Problems Found During Preventive Maintenance

One of the aims of preventive maintenance is to find problems before they get serious. However, if you find a significant problem, it's important to make sure the problem gets noted within your records.

For example, suppose you're performing a regular oil change on a car and discover a headlight broken due to vandalism. If you just repair the light and write it up as part of the regular oil change, you lose what might be valuable information. After all, many companies like to track losses due to vandalism; if you know the exact costs of vandalism, you can make informed judgments about hiring new security guards or implementing other security measures.

Similar situations are common: you're inspecting one type of problem, you notice something else at the same time, and you make an appropriate repair. It's important that you don't let information about the repair fall between the cracks.

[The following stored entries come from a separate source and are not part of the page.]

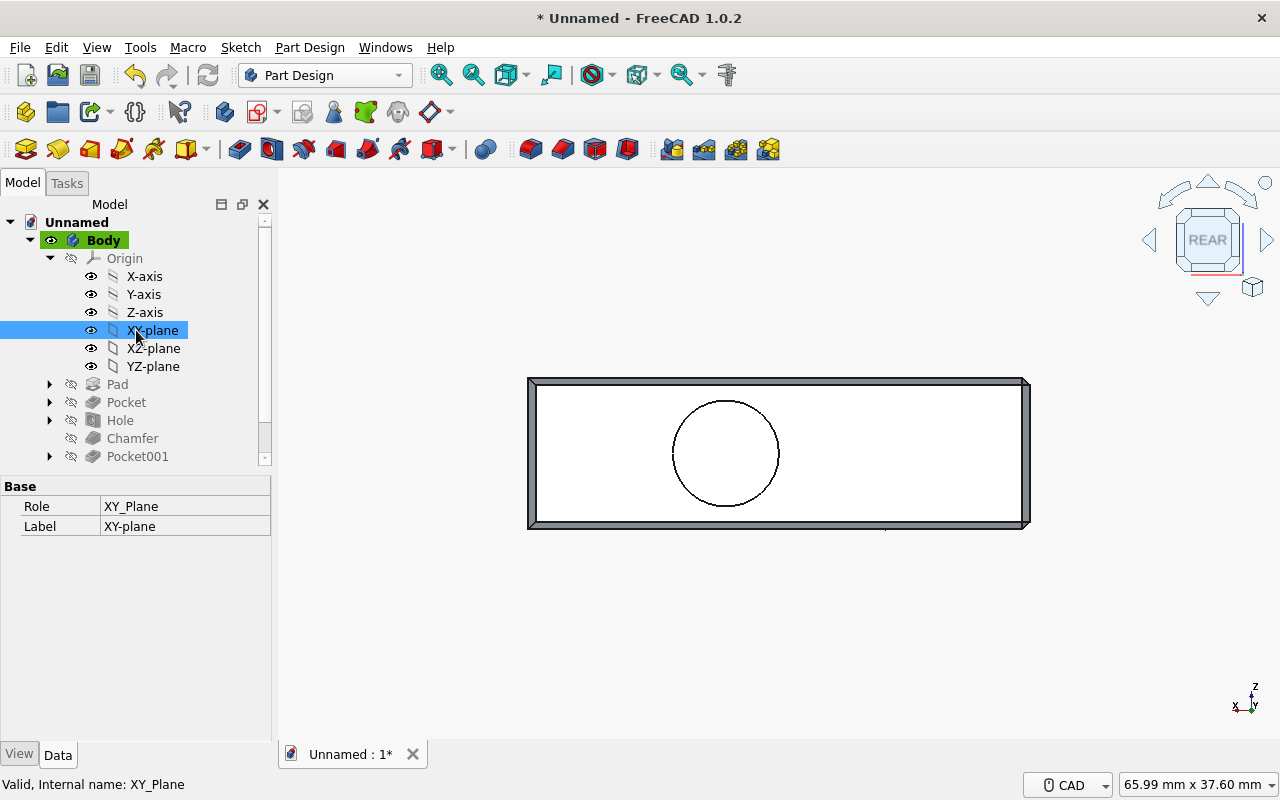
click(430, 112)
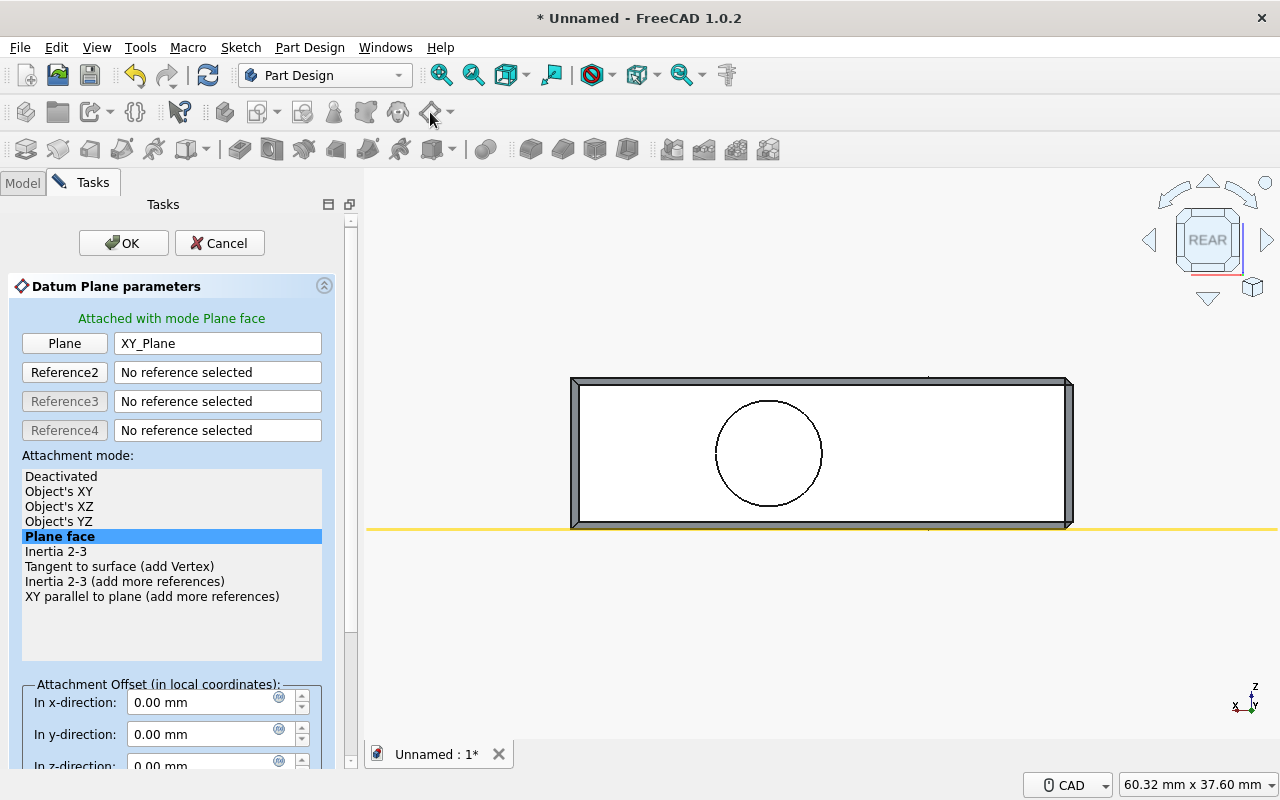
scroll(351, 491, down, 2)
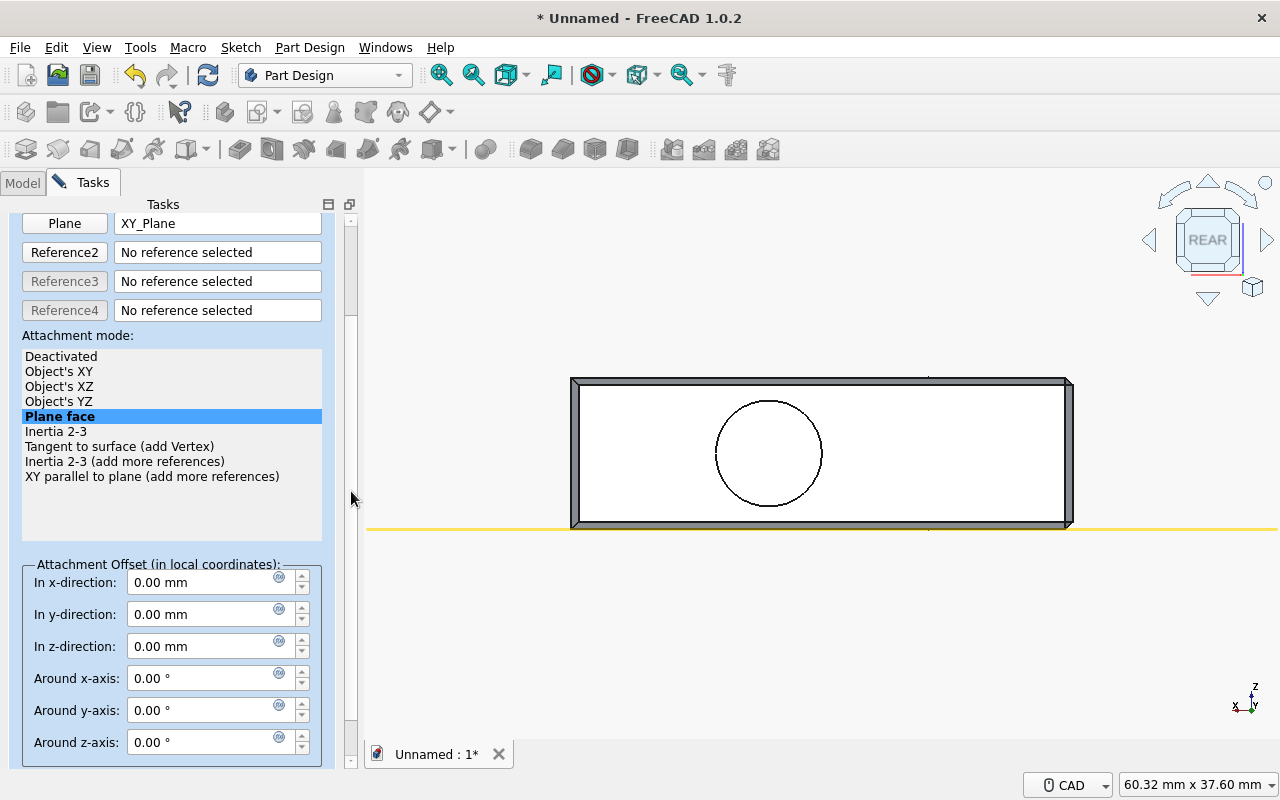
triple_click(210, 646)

If you're using a CMMS, you must choose how you'll write up what was done. In our broken headlight example, you could just add a comment to the preventive maintenance work order saying, "I also fixed a headlight." But side comments are usually easy to overlook and hard to incorporate in analysis reports. It would probably be better to create a new work order for the headlight so it's separate from the preventive maintenance job. This work order can include any pertinent information. In particular, you might use a closing code or some other mechanism to record that the damage was due to vandalism. This puts the important information into your CMMS system and makes it easy to identify when you're creating analysis reports.